И когда девушка уселась, он закутал ее в тулуп, подоткнул полу ей под ноги, обложил соломой. Хозяйствуя так, ездовой коснулся ее холодных ножек, и сердце его облилось давно забытой да лишь в мыслях изведанной отцовской нежностью. «Ведь и у меня такая могла быть, не помри Марья Власьевна двадцать два года назад», – подумал ездовой.

– Ну как, тепло? – спросил он вслух, а про себя добавил – «дочка».

– Ничего, – низким, как у обиженных детей, голосом произнесла девушка.

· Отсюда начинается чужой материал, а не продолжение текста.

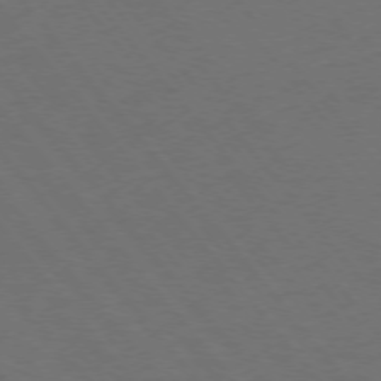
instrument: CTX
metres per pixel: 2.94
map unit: Ap
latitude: -76.1984
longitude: -62.4223
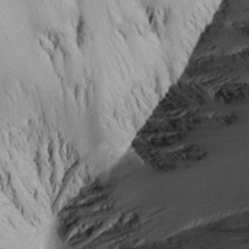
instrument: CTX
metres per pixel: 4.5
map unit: Aa
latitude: 13.8017
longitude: -140.8946
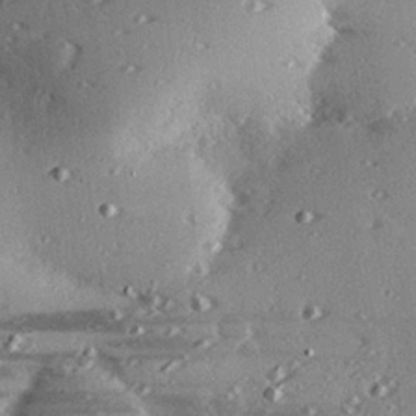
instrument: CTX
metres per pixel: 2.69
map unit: eHh
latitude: 23.2537
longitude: -89.8395
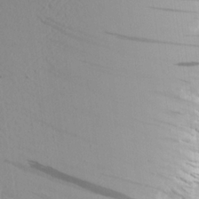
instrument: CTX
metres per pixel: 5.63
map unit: Aa
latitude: 21.1403
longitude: -143.8206
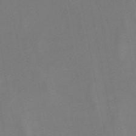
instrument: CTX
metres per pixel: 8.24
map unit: lHb
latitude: -45.5777
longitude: 74.9353
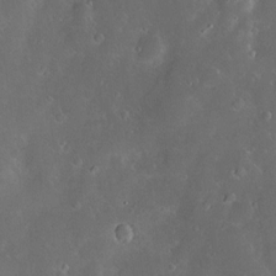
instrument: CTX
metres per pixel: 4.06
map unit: Hve
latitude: -11.0864
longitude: 174.8030
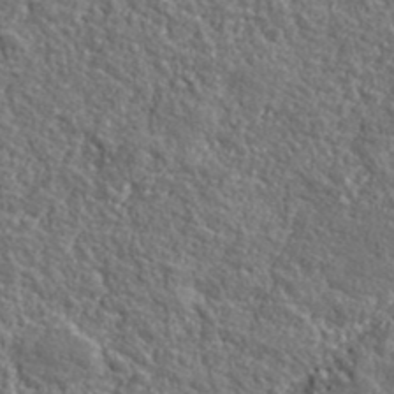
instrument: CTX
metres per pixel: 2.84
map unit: eHh
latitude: 42.0633
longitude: -91.1970
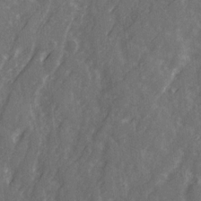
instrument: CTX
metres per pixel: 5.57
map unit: Ave
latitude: 21.2726
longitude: -132.2145
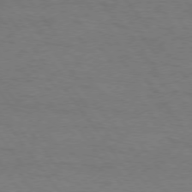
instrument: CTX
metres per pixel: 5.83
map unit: Hpe
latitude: 74.6491
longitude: -152.3279
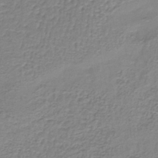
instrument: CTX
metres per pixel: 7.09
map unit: lHb
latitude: -41.9556
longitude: 60.0850
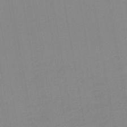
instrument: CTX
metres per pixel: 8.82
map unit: lHb
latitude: -46.2739
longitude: 73.0108
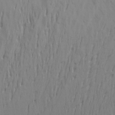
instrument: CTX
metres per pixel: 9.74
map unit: Aa
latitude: 21.0648
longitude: -142.5735
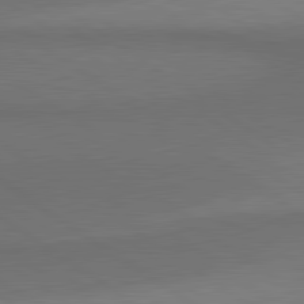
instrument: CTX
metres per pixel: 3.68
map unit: lApd
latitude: 80.7813
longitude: 161.5966
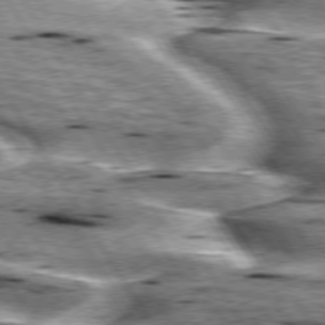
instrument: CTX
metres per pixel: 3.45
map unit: lApd
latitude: 75.6694
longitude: -59.4804
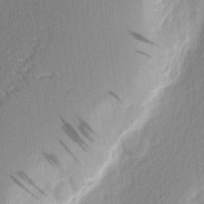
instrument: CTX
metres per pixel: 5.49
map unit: Nhu
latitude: 2.5168
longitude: -76.8002
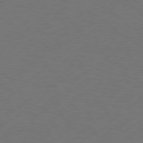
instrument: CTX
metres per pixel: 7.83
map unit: Hpe
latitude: 75.8772
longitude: -131.1215
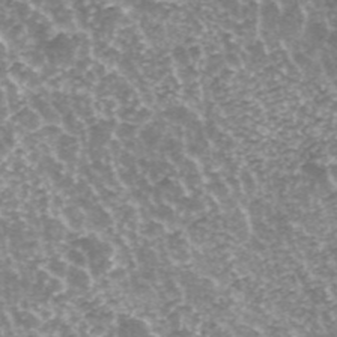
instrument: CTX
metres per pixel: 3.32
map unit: ANa
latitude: 43.5938
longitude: 24.8786
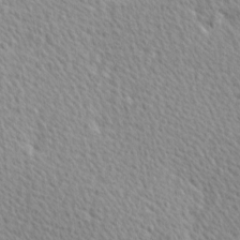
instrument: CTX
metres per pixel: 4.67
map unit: Hve
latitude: 2.2333
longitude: -121.8017
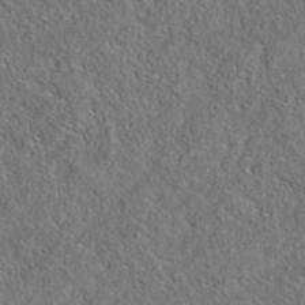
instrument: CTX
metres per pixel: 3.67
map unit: eAb
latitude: 36.0444
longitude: 113.4832
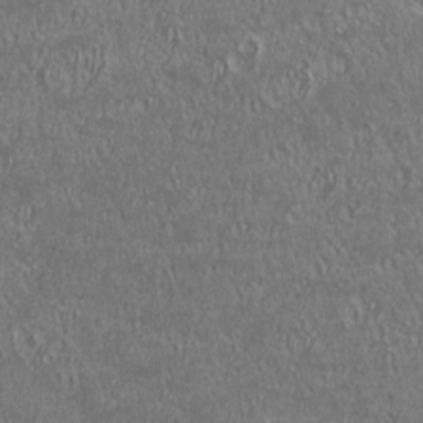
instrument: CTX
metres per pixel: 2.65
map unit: Nhu
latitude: -1.1054
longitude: -78.5168
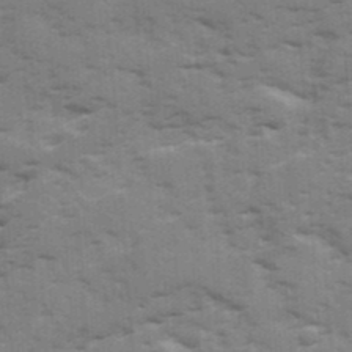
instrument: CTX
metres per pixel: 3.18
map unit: Ave
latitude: 18.1011
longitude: -129.5749
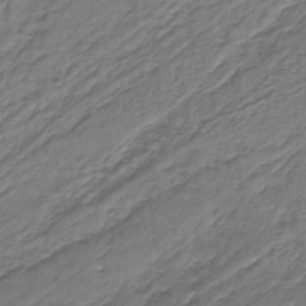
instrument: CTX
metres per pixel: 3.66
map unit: lHb
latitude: -37.1809
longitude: 59.2753
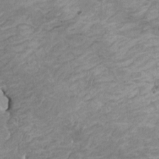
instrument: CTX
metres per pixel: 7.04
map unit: HNhu
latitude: 4.0822
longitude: -3.1970
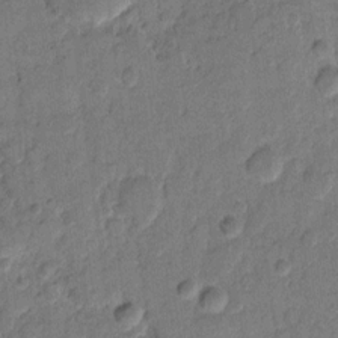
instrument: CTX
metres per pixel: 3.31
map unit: eHh
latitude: 10.6491
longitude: -65.3482
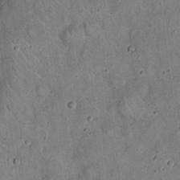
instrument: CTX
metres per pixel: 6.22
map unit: eHh
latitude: 19.7638
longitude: -60.8002
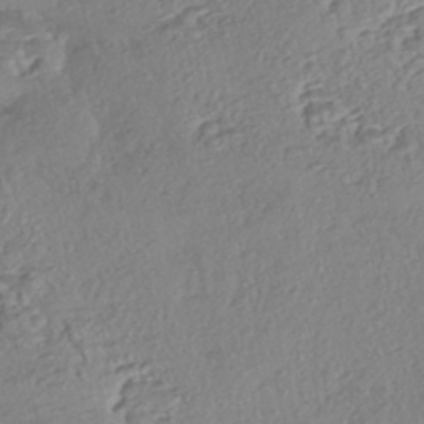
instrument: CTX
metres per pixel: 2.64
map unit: eHh
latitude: -43.1053
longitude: 122.7463
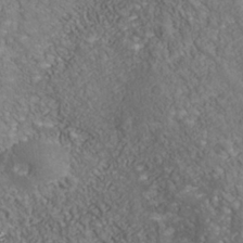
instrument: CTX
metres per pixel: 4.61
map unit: Nhu
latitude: -39.5588
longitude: -83.6882
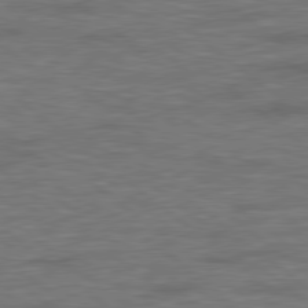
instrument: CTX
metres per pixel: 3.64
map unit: Hpe
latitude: 78.8002
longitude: 179.4643
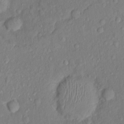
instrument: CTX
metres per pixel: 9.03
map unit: Nhu
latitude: 1.3481
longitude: -14.2712
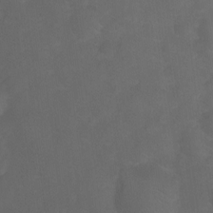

– Н-но, мила-а-ай! – пропел ездовой и странно неловко после всех своих ладных движений боком упал в сани. Левая нога его деревянно выпрямилась из саней, и стало видно, что это протез…

Запушенная недавним снегом дорога была почти неприметна на снежной равнине. Но меринок, чувствуя под копытом, целиком уходившим в снег, твердый наст, бежал уверенной, ходкой рысью. Однообразный, унылый в бесцветье дня простор окружал путников. И по правую и по левую руку от них разворачивались ровные поля. Лишь бегущие цепочкой телеграфные столбы, то высокие, в полный рост, то коротенькие, чуть не до проволоки ушедшие в снег, говорили о том, что под навалом снега равнину пересекают где балки, а где небольшие всхолмья. Порой мимо проплывали редкие перелески и вдруг скрывались из виду, будто таяли в тусклом мерцающем свете дня.

Долгое молчание утомило ездового он повернулся к закутанной в тулуп неподвижной фигуре.

– Из Москвы, значит? – спросил он и подмигнул девушке, словно намекая на какое-то тонкое, им двоим известное обстоятельство.

Верно, она не была расположена к разговору, а в глубоком воротнике тулупа не видно кивка, но ездовой угадал «да» по движению длинных ресниц.

– Вы это как, позвольте спросить, по разверстке или добровольно?

– Добровольно! Или клади билет на стол, или добровольно, – тихо, сумрачно донеслось из пещеры воротника.

Ездовой то ли не понял ответа, то ли услышал в нем то, что хотел услышать.

– Хорошее дело! Обживетесь у нас – домой не потянет!

Девушка промолчала.

Сани, легонько покачиваясь, плыли по белому, ни конца ни краю, снежному морю.

– Как пусто здесь, голо… – тихо, словно для себя проговорила девушка.

– Так то зимой! – встрепенулся ездовой. – Посмотрели бы летом – ковер! Тут у нас как раз луга Стрельниковского колхоза, а в старое время одна болотная топь была. Добрая трава только по обочинам да кой-где под кусточками росла… – Тыкая кнутовищем то вправо, то влево, ездовой принялся рассказывать, где какие лежат земли, угодья, владенья и почему у одних хозяев дело спорится, а у других вразлад пошло.

– Вы местный? – прервала его девушка.

– А то как же? – чему-то обрадовался ездовой. – Самый что ни на есть местный! Тут родился, тут всю жизнь прожил, тут и в войну партизанил и ногу свою схоронил. – Он повел кнутовищем за поля, на черный валик леса, обрамлявший равнину, и уселся поудобнее, готовый к неизбежным в таких случаях расспросам, но девушка вновь замолкла.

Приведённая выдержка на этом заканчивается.